Once warm, the machine will start with the button. If you let this go too long, it will damage your valves and head. KTM's are super easy to adjust valves on while the Fuji is more in depth but equally important. Loaded topic, but here is a summary. Pick an oil that YOU feel comfortable with. There's typically a balance between price and quality for all oils. This choice also goes hand in hand with how often you change the oil.
I shoot for every 10 engine hours or less depending on use. An engine hour meter is a great tool for keeping track of maintenance. Synthetic or non synthetic doesn't matter as long as it's approved for a wet clutch. More power you say? For all of the Polaris sport quads, a full exhaust system is usually a waste of money. The stock headers flow very well. The kit for the Fuji engines is a great way to gain power for a fair price.

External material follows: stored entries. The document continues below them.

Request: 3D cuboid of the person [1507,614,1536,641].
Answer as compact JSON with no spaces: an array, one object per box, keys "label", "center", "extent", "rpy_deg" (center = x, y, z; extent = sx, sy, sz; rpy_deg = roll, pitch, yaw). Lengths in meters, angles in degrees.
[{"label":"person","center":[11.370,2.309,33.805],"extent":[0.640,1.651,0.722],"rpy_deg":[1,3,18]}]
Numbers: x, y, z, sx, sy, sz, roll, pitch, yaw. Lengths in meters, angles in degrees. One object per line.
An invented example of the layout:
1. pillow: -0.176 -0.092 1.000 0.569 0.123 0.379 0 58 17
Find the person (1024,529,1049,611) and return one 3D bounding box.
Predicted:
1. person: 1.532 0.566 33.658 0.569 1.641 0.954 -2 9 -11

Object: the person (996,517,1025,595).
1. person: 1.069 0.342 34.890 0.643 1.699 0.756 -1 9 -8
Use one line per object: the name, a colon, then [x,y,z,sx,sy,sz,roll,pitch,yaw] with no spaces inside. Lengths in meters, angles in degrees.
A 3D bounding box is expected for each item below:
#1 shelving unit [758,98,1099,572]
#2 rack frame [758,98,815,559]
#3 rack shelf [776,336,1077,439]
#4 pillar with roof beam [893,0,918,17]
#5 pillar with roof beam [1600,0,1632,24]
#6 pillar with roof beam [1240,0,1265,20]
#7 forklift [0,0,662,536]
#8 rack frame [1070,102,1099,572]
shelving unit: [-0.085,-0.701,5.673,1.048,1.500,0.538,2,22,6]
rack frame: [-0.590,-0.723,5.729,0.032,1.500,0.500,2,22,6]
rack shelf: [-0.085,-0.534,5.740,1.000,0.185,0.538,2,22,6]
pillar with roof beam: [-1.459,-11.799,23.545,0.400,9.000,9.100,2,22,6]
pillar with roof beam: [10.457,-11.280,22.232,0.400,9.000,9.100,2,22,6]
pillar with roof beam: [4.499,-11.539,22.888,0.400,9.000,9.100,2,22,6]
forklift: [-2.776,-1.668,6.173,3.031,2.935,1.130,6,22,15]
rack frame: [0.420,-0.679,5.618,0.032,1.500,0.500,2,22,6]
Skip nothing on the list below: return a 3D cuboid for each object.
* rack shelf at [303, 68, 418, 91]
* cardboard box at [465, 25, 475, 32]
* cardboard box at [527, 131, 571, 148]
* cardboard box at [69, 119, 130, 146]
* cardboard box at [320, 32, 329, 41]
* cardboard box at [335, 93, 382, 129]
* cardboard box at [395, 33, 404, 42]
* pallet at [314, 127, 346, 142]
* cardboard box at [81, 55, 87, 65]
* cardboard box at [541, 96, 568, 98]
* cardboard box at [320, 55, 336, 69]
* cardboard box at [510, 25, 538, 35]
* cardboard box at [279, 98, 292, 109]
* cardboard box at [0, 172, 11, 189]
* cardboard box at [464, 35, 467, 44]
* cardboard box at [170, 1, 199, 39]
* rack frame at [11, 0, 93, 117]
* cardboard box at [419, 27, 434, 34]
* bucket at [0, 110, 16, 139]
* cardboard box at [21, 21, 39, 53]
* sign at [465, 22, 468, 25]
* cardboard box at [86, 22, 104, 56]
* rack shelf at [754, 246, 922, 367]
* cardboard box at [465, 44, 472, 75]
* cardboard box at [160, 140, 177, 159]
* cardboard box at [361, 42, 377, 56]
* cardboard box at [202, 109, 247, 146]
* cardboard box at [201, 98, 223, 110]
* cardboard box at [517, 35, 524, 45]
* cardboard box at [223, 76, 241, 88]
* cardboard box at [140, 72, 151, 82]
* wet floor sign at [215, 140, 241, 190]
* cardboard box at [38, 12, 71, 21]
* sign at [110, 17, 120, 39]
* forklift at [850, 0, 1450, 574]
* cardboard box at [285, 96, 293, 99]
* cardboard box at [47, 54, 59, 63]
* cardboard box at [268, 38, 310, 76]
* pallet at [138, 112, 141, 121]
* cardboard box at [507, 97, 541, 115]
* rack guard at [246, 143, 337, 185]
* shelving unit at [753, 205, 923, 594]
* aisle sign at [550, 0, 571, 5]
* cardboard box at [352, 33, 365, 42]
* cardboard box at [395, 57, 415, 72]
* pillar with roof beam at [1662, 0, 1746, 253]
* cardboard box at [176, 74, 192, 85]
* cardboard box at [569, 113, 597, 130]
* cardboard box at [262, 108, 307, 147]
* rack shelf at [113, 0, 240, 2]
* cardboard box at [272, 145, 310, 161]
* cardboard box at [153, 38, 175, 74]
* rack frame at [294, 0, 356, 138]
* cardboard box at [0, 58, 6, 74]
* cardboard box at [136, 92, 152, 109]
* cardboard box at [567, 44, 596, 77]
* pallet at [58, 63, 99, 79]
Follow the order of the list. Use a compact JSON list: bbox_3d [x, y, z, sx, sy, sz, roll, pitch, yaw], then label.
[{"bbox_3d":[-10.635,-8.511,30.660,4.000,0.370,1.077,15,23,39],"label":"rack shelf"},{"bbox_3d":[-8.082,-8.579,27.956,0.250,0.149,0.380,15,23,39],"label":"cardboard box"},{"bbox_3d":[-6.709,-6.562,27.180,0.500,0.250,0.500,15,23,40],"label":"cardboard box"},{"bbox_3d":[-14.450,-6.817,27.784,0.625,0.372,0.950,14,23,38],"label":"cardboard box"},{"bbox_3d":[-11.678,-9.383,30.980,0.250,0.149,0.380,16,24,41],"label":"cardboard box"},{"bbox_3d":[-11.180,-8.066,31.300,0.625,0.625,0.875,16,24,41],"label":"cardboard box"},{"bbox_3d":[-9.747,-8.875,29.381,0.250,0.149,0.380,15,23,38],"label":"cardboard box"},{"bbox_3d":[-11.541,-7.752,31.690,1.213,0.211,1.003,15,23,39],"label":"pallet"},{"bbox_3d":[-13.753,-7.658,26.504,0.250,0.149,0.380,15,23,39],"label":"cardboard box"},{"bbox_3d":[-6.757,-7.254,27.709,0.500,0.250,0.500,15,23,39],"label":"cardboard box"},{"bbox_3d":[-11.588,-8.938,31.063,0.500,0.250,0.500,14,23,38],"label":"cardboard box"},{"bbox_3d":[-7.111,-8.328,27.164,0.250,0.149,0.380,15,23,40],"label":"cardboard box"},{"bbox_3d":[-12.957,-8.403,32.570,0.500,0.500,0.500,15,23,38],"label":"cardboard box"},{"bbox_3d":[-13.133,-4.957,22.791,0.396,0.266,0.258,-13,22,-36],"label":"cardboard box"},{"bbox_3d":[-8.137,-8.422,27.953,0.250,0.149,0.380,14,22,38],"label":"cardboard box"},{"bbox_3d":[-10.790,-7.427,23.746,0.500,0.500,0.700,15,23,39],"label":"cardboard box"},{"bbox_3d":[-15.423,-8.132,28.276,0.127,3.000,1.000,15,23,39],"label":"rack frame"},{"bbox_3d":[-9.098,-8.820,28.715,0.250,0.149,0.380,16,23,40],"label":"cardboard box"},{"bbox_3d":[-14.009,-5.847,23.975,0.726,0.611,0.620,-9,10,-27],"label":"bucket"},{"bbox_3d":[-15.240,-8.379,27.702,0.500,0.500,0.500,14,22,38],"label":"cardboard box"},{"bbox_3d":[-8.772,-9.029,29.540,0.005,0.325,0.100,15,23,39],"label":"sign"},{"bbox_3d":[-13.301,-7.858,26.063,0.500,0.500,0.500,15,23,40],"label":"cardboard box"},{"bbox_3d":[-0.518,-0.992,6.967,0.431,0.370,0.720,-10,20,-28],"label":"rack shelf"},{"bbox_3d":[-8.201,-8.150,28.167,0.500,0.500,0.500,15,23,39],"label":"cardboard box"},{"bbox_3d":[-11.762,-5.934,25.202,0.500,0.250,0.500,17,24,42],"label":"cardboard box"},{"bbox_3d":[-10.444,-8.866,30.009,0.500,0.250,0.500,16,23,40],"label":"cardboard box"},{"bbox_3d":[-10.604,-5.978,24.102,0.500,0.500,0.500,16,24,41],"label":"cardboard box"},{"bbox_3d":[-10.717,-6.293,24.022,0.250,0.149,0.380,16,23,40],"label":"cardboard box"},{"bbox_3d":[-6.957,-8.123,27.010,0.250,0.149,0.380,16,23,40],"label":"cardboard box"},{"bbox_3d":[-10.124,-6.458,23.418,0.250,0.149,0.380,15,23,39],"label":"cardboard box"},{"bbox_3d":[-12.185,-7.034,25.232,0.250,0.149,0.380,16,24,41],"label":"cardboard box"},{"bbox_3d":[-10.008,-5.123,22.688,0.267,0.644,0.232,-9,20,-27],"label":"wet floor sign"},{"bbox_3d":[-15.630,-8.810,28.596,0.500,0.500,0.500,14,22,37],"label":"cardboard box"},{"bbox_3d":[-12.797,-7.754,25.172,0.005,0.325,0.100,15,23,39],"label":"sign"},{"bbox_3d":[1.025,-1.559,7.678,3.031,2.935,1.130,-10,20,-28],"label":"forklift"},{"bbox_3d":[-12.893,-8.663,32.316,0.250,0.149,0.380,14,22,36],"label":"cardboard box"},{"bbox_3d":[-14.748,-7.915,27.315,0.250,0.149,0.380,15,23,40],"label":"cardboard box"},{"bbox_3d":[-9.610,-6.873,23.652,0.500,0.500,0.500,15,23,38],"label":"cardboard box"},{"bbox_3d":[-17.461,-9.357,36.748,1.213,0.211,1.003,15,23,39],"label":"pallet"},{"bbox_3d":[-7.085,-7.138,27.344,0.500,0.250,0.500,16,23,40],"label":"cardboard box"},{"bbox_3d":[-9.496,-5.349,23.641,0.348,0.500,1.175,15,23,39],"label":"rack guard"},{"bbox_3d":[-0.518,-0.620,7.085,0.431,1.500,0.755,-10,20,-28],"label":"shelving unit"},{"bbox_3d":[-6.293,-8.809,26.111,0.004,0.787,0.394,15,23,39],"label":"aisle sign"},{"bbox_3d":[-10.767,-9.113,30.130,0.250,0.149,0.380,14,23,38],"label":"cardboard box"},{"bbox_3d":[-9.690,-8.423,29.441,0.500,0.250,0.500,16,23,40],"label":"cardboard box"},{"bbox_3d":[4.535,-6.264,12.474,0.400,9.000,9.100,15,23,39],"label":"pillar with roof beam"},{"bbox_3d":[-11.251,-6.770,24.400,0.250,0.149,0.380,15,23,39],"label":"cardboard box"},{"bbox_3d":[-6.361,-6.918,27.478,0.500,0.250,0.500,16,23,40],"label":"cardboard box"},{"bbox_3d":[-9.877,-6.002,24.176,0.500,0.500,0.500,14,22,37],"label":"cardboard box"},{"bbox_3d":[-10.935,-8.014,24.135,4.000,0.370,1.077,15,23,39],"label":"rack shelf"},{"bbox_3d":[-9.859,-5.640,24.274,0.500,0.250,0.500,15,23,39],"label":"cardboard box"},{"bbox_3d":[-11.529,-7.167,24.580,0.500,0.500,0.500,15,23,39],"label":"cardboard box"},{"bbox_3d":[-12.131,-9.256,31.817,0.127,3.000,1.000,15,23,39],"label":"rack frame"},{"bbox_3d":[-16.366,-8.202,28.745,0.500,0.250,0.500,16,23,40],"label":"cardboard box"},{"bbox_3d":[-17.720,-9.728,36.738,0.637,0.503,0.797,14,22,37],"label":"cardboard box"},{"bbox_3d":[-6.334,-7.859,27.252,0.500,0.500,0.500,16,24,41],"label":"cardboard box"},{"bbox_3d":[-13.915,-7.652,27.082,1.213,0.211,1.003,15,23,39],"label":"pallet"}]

The stock cams in the engine are more than enough for the kit let alone the stock bore. Leave them alone! Hot Cams make this motor very weak.
All of the cheap aftermarket CDI's don't retard the timing upon startup and can cause the motor to fire in the incorrect direction. This will fry your one way clutch and send metal throughout your motor.
Vortex or Dyna are safe bets. Boring the carb on the KTM motors is a great bang for your buck. Up to a As for intakes on all these machines, that's up to you.